Question

Assume that trees are subjected to different levels of carbon dioxide atmosphere with 6% of the trees in a minimal growth condition at 370 parts per million (ppm), 13% at 470 ppm (slow growth), 46% at 560 ppm (moderate growth), and 35% at 630 ppm (rapid growth). What is the mean and standard deviation of the carbon dioxide atmosphere (in ppm) for these trees? The mean is Enter your answer; The mean is _ ppm ppm. [Round your answer to one decimal place (e.g. 98.7).] The standard deviation is Enter your answer; The standard deviation is _ ppm ppm. [Round your answer to two decimal places (e.g. 98.76).]

Answer 1

The mean is 561.40 ppm. The standard deviation is 29.15 ppm.

Explanation:

We can calculate the mean and the standard deviation using the proportions of the population that are subjected to the different levels.

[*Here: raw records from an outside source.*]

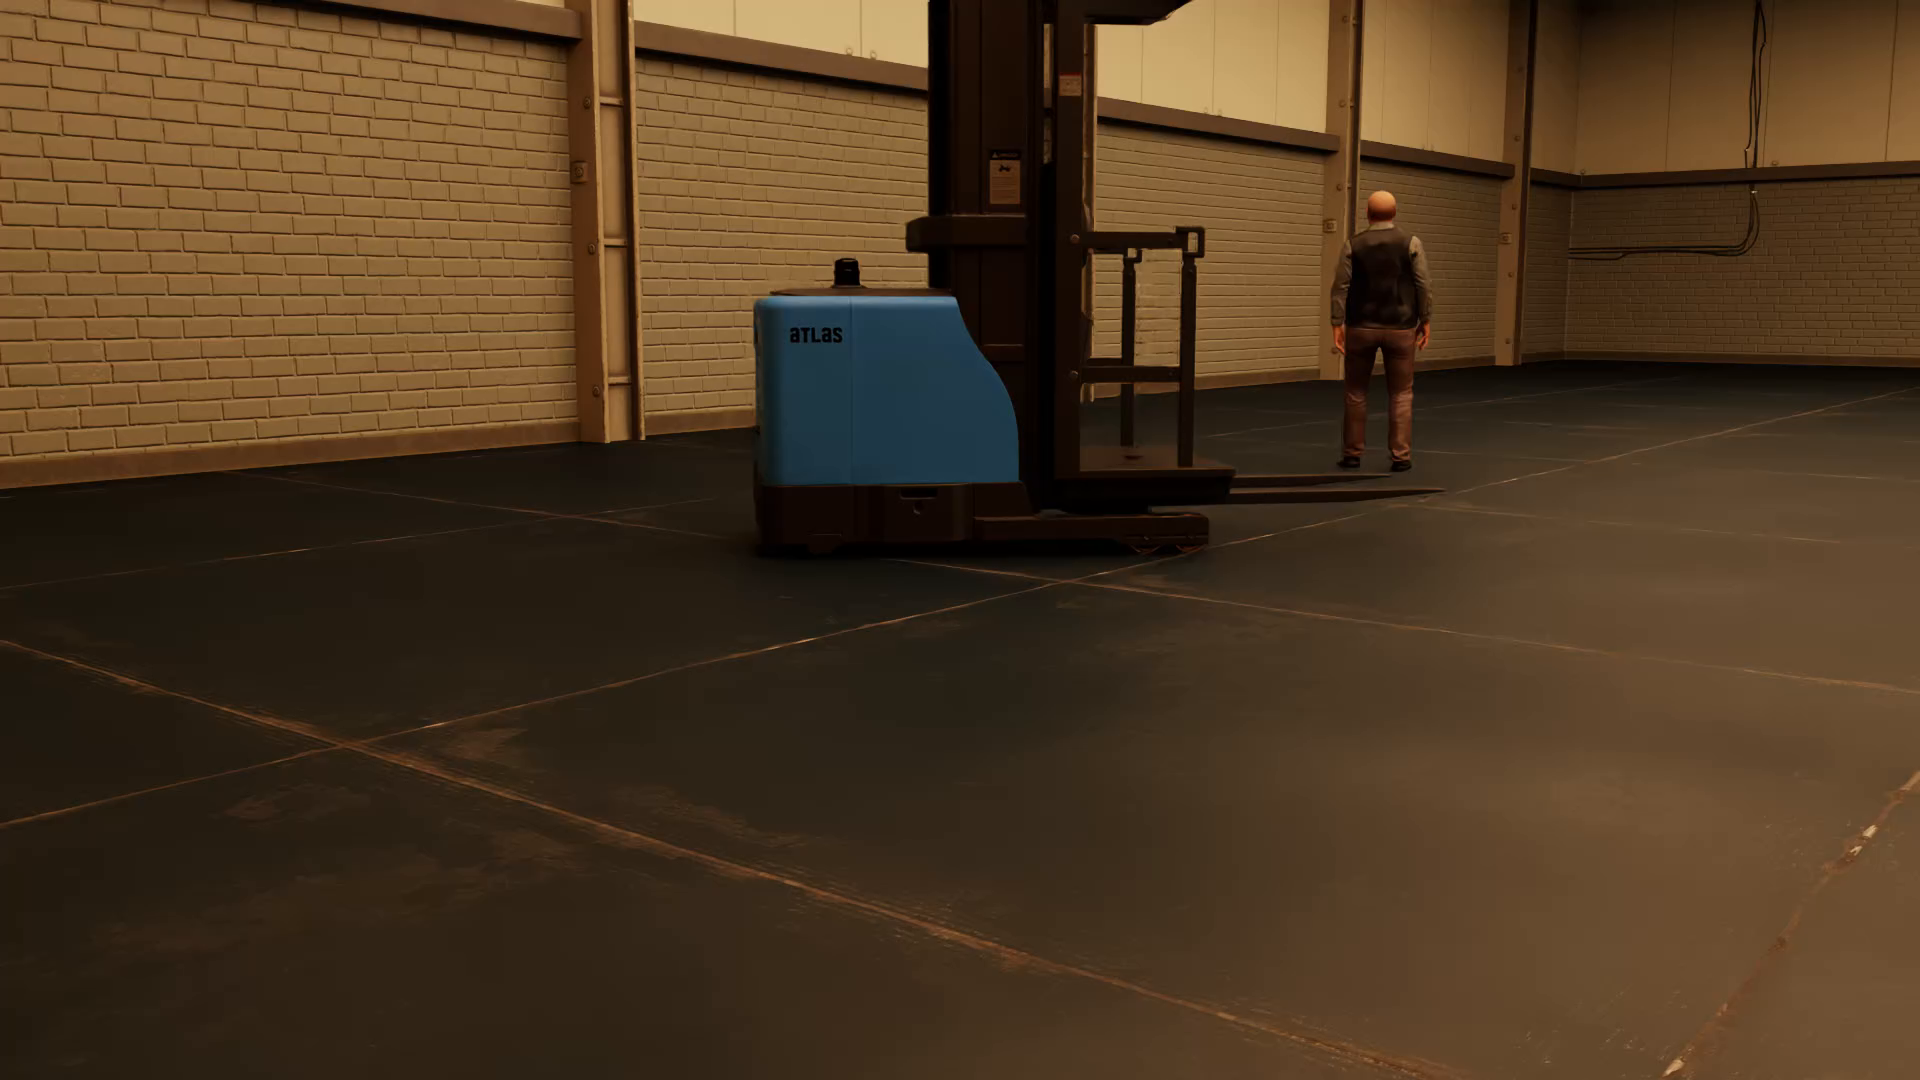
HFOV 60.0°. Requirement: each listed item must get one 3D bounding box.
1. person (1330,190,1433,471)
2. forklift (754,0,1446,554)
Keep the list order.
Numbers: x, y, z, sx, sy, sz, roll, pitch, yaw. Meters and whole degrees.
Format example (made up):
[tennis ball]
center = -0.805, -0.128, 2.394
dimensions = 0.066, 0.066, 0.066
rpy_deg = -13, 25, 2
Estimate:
[person]
center = 2.626, -1.287, 10.382
dimensions = 0.614, 1.748, 0.509
rpy_deg = 2, 9, 15
[forklift]
center = 0.613, -1.467, 7.305
dimensions = 3.031, 2.935, 1.130
rpy_deg = -1, 8, -9
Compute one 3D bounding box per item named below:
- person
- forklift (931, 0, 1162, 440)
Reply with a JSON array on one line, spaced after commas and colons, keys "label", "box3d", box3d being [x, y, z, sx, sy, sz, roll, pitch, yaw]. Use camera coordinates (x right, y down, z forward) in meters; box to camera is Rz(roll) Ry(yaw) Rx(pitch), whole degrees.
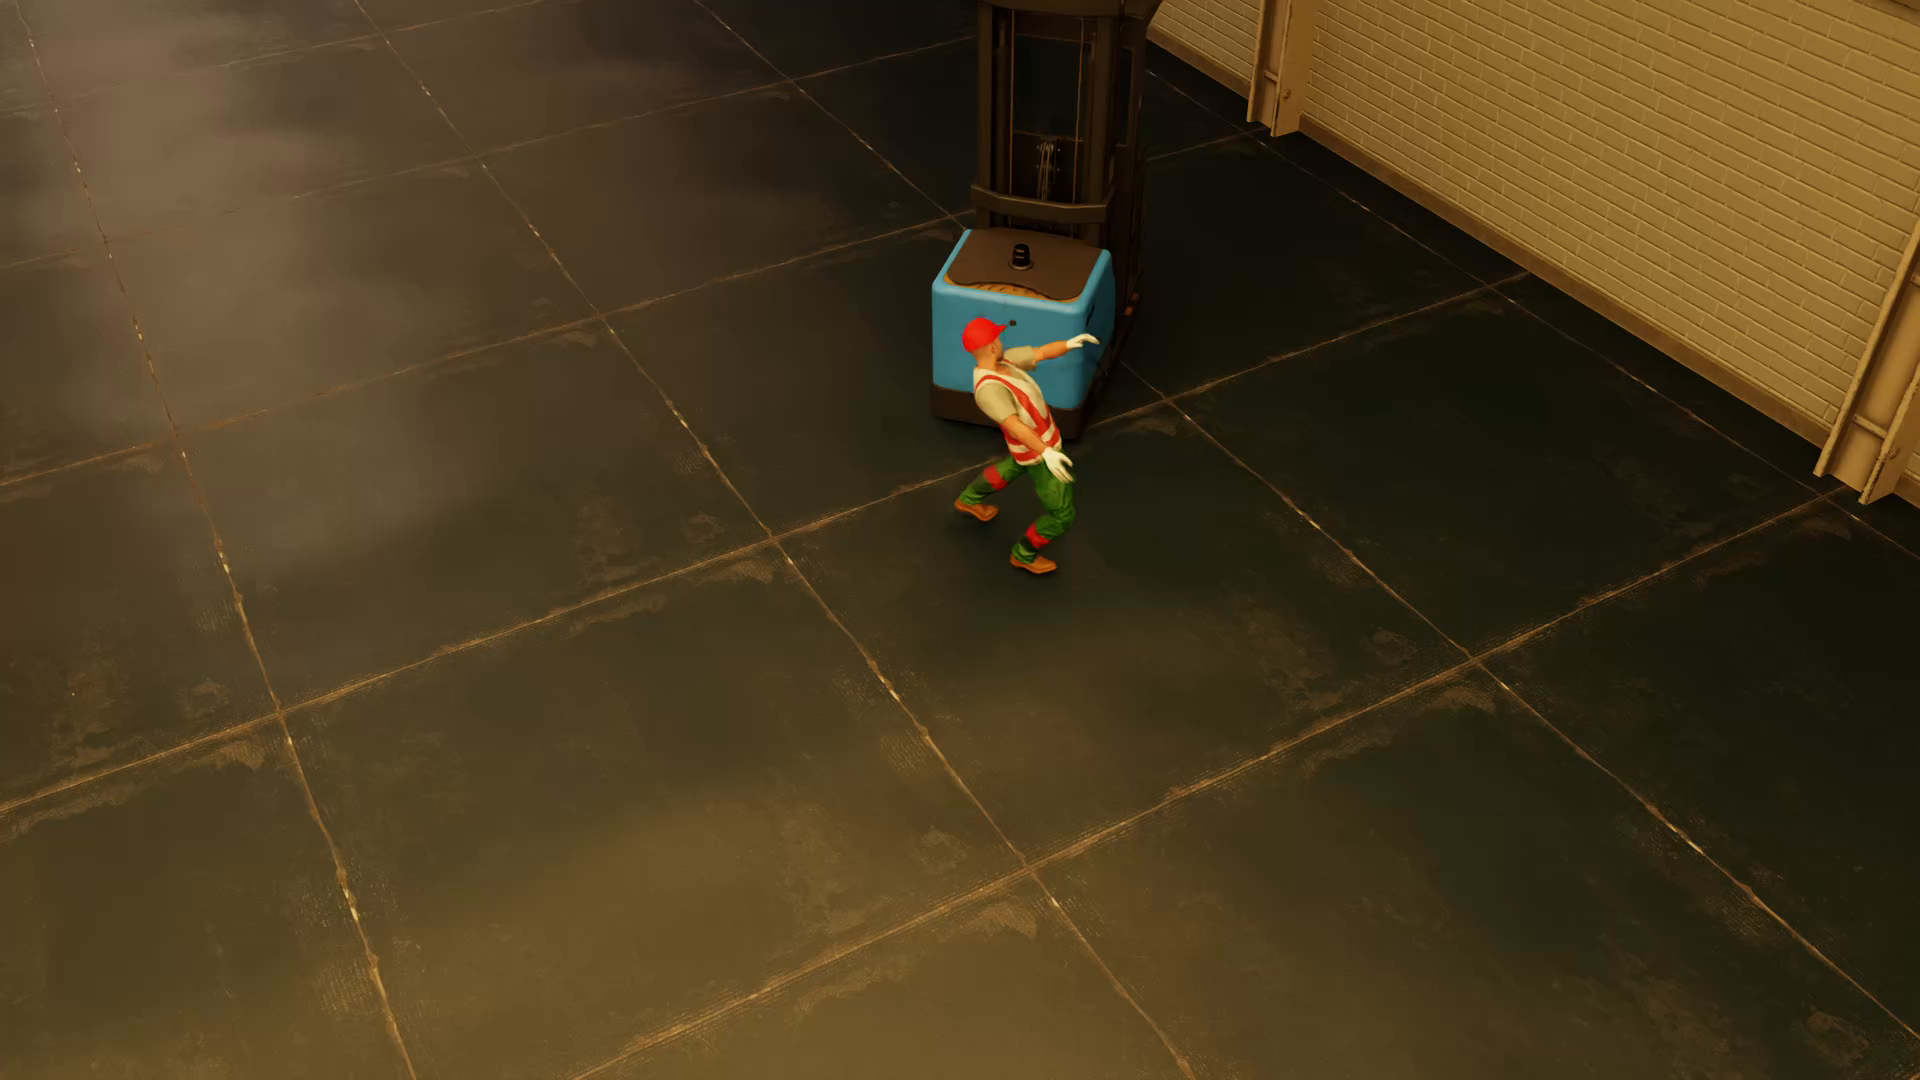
[{"label": "person", "box3d": [0.435, -0.473, 9.660, 0.782, 1.542, 1.045, -7, 40, -9]}, {"label": "forklift", "box3d": [0.721, -2.743, 11.343, 1.130, 2.935, 3.031, 11, 41, 13]}]

The mean can be calculated as

`\mu=\sum p_i*L_i\\\\\mu=0.06*370+0.13*470+0.46*560+0.35*630\\\\\mu=561.40 \,ppm`

The standard deviation of the mean can be calculated in a similar way

`\sigma=√(\sum p_i(L_i-\mu)^2)\\\\\sigma=√(0.06(370-561.4)^2+0.13(470-561.4)^2+0.46(560-561.4)^2+0.35(630-561.4)^2)\\\\\sigma=√(0.06(36634)+0.13(8354)+0.46(2)+0.35(4706))\\\\\sigma=√(2198.04+1086.01+0.90+1647.09)=√(4932.04)=29.15`

The mean is 561.40 ppm. The standard deviation is 29.15 ppm.